I had a few doubts about buying a big metal cabinet to store all my valuables.
Turns out... it was a safe purchase.
What’s a llama’s favorite drink?
Llamanade.
Why do ghosts like elevators? They raise their spirits.
What do dog scientists to with their bones?
They barium.
What does goblin's blood consist of?
Hemogoblin.
My professor accused me of plagiarizing.
His words, not mine.
What did one cloud of fog say to the other?
I don’t know. It’s a mistery.
The weather outside is snow joke.
How does a bee get to school?
She takes a school buzz
Why shouldn't you buy illegal seasonings? It's always a shady dill.
What’s a cetacean’s favorite TV show?
Whale of Fortune.
Which vegetable is most likely to be your friend?
The broccoli.
What happened when 100 hares got loose on Main Street? The police had to comb the area.
Why does a microwave hum?
Because it doesn't know the words
Why did Jesus ask Judas to crave the turkey?
Beause he knows he likes stabbing others in the back.
If Kim Jong-un had a private yacht, it would be a dictator ship
How does Moses make coffee?
Hebrews it.
What a pun's dream job?
To be an acu-pun-cturist!
I like you a latte.
What is a beaver's most favorite song ever? You made me a, you made me a beaver, beaver.
Don’t worry, beer happy.
What do you call a group of cows that are on top of a hill? High steaks.
What do you call a cow with a twitch? Beef jerky!
What did the mother bread tell her baby roll? You really are the apple of my rye.
Q. Which Greek eggplant dish do deer really eat up?
A. Moose-aka.
Old Norse cuisine is simply not to my Viking.
What do you call a Minotaur in a playground?
A swing and a myth.
I was talking to my Mom the other day and she mentioned that none of her sisters needed the vaccine.
Turned out they already had the auntybodies.
It used to be free to fill up your car tires with air, now it costs $1.25. You know why?
Inflation.
Did you hear about the Italian chef with the terminal illness?
He pastaway. Now he’s just a pizza history.
Why don’t fish play basketball?
Because they're afraid of the net.
Despite his puns being so orange-inal, nobody really likes them.
What do you get if you cross a tiger with a kangaroo? A stripy jumper!
Q. What did the bully do to the orange?
A. Beat him to a pulp.
I only believe in 12.5% of everything the Bible says.
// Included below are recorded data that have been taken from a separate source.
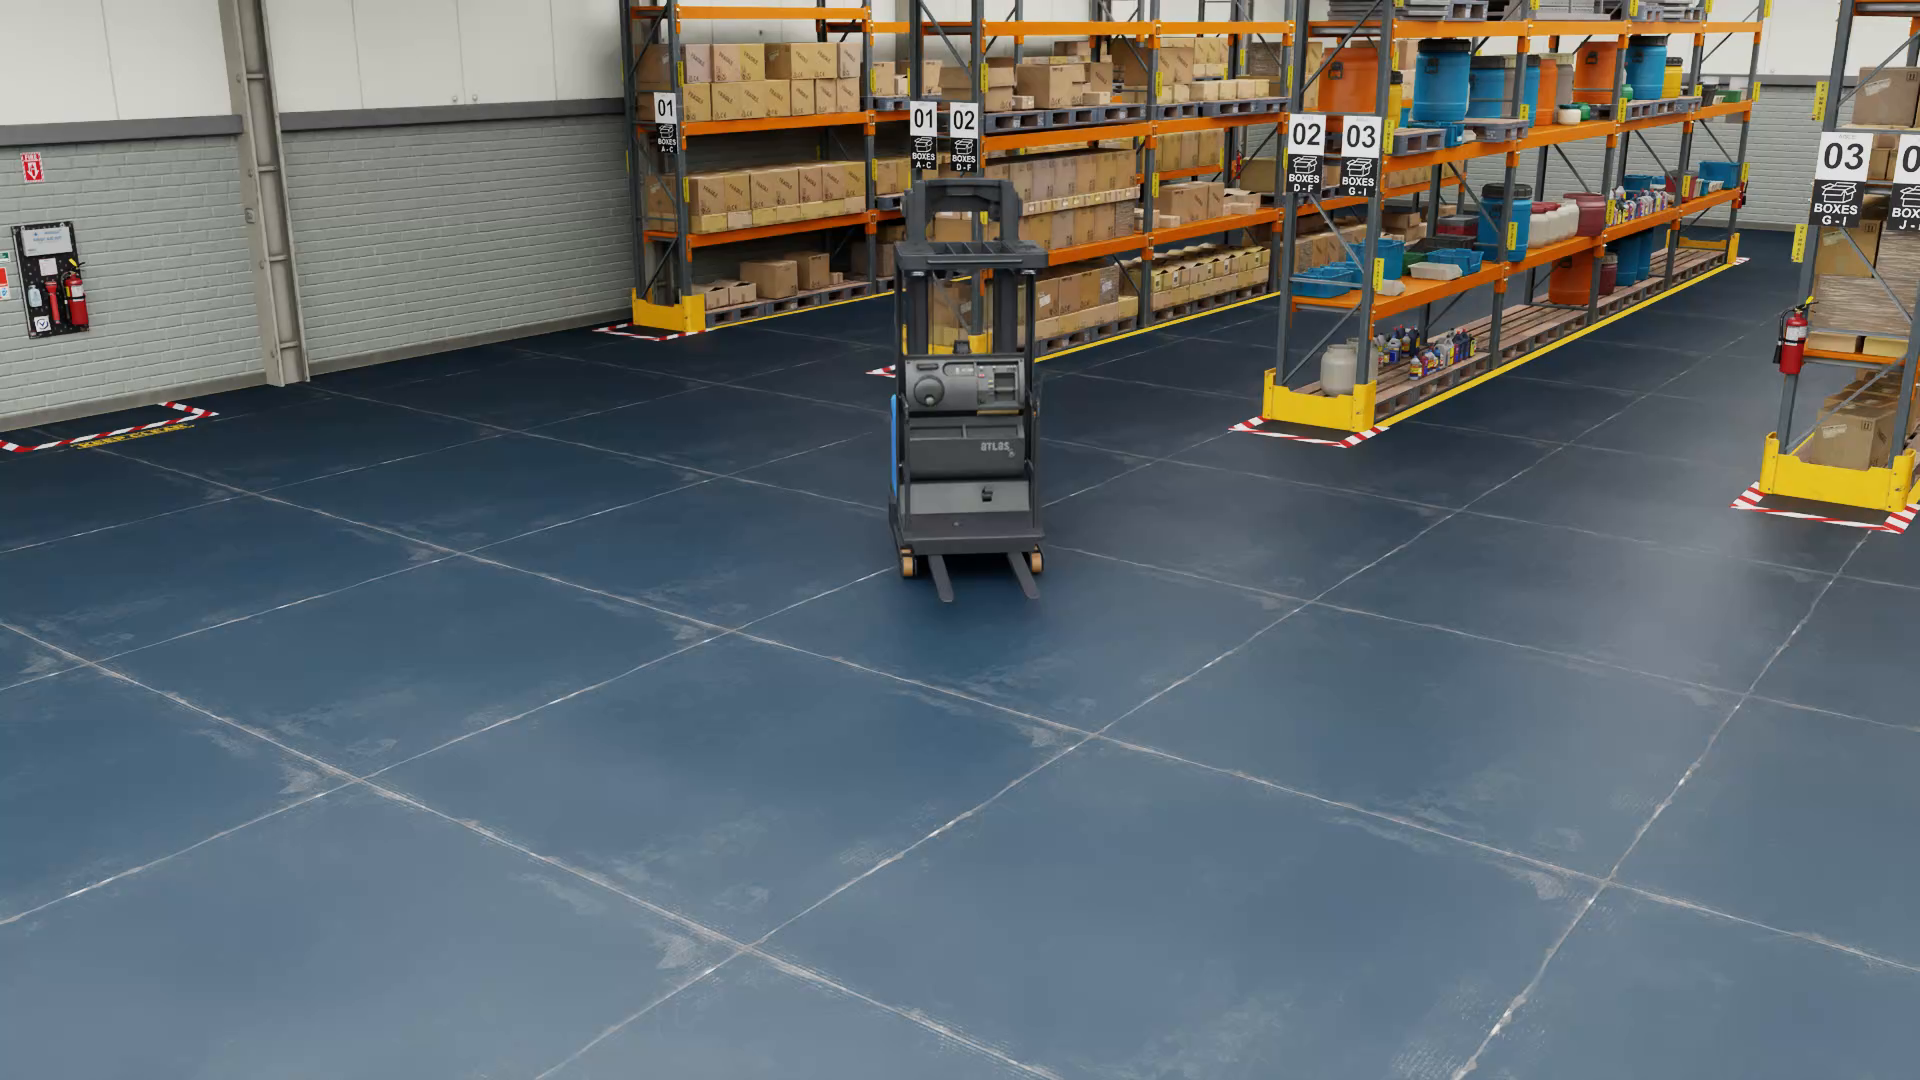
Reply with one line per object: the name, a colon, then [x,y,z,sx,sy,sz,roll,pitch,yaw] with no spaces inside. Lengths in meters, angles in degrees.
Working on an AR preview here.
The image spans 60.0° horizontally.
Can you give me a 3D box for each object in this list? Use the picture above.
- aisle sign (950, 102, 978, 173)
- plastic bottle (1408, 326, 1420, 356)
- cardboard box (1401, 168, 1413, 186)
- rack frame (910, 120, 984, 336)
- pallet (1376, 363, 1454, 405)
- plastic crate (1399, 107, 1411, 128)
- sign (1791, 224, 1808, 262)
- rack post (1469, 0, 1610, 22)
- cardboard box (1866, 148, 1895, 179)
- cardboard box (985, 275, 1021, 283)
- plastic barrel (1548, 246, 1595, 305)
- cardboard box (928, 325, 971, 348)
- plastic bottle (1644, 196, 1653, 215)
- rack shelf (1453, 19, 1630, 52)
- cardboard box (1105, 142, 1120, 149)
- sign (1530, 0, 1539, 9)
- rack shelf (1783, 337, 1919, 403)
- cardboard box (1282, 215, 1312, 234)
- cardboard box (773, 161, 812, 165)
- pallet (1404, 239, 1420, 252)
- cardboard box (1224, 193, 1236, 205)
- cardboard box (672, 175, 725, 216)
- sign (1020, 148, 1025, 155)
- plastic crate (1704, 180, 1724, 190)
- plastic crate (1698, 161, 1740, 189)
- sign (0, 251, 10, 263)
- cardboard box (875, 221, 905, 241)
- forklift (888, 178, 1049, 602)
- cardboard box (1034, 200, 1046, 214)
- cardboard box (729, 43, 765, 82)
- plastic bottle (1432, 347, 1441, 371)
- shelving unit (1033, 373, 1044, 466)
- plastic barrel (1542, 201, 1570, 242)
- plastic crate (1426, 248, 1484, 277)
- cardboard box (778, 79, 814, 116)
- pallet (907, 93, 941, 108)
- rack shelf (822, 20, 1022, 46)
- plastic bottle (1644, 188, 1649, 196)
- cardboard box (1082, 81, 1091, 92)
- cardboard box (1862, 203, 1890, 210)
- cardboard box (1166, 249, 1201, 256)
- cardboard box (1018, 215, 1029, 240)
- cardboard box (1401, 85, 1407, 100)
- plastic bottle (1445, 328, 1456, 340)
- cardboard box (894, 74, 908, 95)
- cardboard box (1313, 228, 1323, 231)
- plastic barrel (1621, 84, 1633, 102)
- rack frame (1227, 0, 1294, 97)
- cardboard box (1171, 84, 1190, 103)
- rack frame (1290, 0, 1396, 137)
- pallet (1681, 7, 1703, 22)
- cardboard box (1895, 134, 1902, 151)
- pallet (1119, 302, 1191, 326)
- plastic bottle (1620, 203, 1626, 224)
aisle sign: [0.047,-4.716,19.489,0.394,0.787,0.004,12,21,35]
plastic bottle: [5.501,-2.421,20.208,0.144,0.351,0.185,12,21,35]
cardboard box: [7.815,-6.646,29.919,0.500,0.500,0.500,13,21,36]
rack frame: [-0.160,-3.544,20.099,1.000,3.000,0.127,12,21,35]
pallet: [5.039,-1.845,19.328,1.003,0.211,1.213,12,21,35]
plastic crate: [4.711,-4.600,18.469,0.392,0.384,0.575,12,21,35]
sign: [7.360,-2.600,14.572,0.100,0.325,0.005,12,21,35]
rack post: [7.304,-7.065,20.986,1.013,1.000,3.121,12,21,35]
cardboard box: [7.877,-3.314,14.551,0.500,0.250,0.500,13,21,36]
cardboard box: [0.505,-3.211,21.690,0.500,0.500,0.500,12,21,35]
plastic barrel: [8.861,-3.857,24.058,0.600,0.830,0.708,12,21,35]
cardboard box: [-0.077,-2.612,21.024,0.500,0.250,0.500,12,21,35]
plastic bottle: [10.473,-5.109,25.347,0.152,0.276,0.135,12,21,35]
rack shelf: [7.391,-6.428,21.156,1.077,0.370,4.000,12,21,35]
cardboard box: [2.641,-7.199,31.163,0.500,0.500,0.500,13,21,35]
sign: [6.635,-6.286,19.165,0.100,0.325,0.005,12,21,35]
rack shelf: [8.986,-1.926,16.100,1.077,0.370,4.000,12,21,35]
cardboard box: [5.612,-5.347,28.113,0.500,0.250,0.500,12,21,34]
cardboard box: [-2.516,-5.470,25.255,0.500,0.500,0.500,12,21,34]
pallet: [8.127,-5.526,31.182,1.003,0.211,1.213,12,21,35]
cardboard box: [3.919,-5.228,25.673,0.500,0.311,0.500,12,21,34]
cardboard box: [-3.614,-4.775,23.018,0.500,0.500,0.500,12,21,35]
sign: [1.068,-6.746,28.589,0.100,0.325,0.005,12,21,35]
plastic crate: [13.009,-6.155,28.851,0.396,0.136,0.243,12,21,35]
plastic crate: [13.300,-6.412,29.172,0.616,0.435,0.499,12,21,35]
sign: [-9.898,-2.884,17.018,0.001,0.109,0.331,12,21,35]
cardboard box: [-1.072,-5.030,27.091,0.500,0.250,0.500,12,21,34]
forklift: [0.064,-1.215,12.713,1.130,2.935,3.031,-2,17,-6]
cardboard box: [0.861,-4.203,20.959,0.380,0.149,0.250,12,21,33]
cardboard box: [-3.080,-6.670,23.217,0.500,0.500,0.500,13,22,36]
plastic bottle: [5.531,-2.106,19.325,0.097,0.271,0.097,0,17,0]
shelving unit: [0.523,-0.883,14.533,0.189,1.200,0.258,21,26,38]
plastic barrel: [7.890,-4.244,22.163,0.421,0.512,0.421,0,17,0]
plastic crate: [5.758,-3.238,19.364,0.499,0.251,0.616,12,21,35]
cardboard box: [-2.471,-6.440,24.165,0.500,0.500,0.500,11,21,33]
pallet: [-0.688,-7.090,26.776,1.213,0.211,1.003,12,21,35]
rack shelf: [-0.565,-8.178,26.793,1.077,0.370,4.000,12,21,35]
plastic bottle: [10.566,-5.251,25.680,0.144,0.351,0.185,12,21,35]
cardboard box: [1.390,-5.952,22.002,0.500,0.311,0.500,11,20,32]
cardboard box: [8.516,-2.874,15.583,0.500,0.500,0.500,12,21,35]
cardboard box: [3.447,-4.284,25.465,0.500,0.311,0.500,12,21,33]
cardboard box: [0.438,-3.827,20.841,0.700,0.500,0.500,13,22,36]
cardboard box: [7.479,-7.835,29.113,0.500,0.250,0.500,12,21,35]
plastic bottle: [5.931,-2.387,20.097,0.144,0.351,0.185,12,21,35]
cardboard box: [-1.000,-7.225,26.335,0.500,0.311,0.500,13,22,36]
cardboard box: [5.894,-5.100,28.582,0.500,0.500,0.500,13,21,35]
plastic barrel: [9.399,-6.344,23.611,0.294,0.245,0.294,0,17,0]
rack frame: [4.607,-8.315,25.345,1.000,3.000,0.127,12,21,35]
cardboard box: [2.924,-6.335,23.572,0.500,0.250,0.500,10,20,29]
rack frame: [3.816,-5.533,16.388,1.000,3.000,0.127,12,21,35]
pallet: [10.498,-7.908,25.027,1.003,0.211,1.213,12,21,35]
cardboard box: [8.144,-3.369,14.057,0.380,0.149,0.250,12,21,34]
pallet: [2.631,-3.348,24.168,1.003,0.211,1.213,12,21,35]
plastic bottle: [9.630,-4.753,24.187,0.061,0.283,0.133,12,21,35]

Which makes me an eighth theist.
Are you a taco?
Cause you sure taco lot
Rain doesn’t fall. Raindrops.
What do you call a flower with a mouth?
Tulip.
"There's no bunny like you."
Toilet jokes aren’t my favorite...
But they’re a solid number 2.
What do you call a hairy beast that no longer exists?
A were-wolf!
Do you know why the beaver was found guilty?
Because the prosecutor had damming evidence.
Someone stole my fragrance-free lotion...
It was a scentless act of cruelty.
Where do elves go to get famous?
Holly-wood.
The big play is in seven days, you better work on your peach enhancement techniques.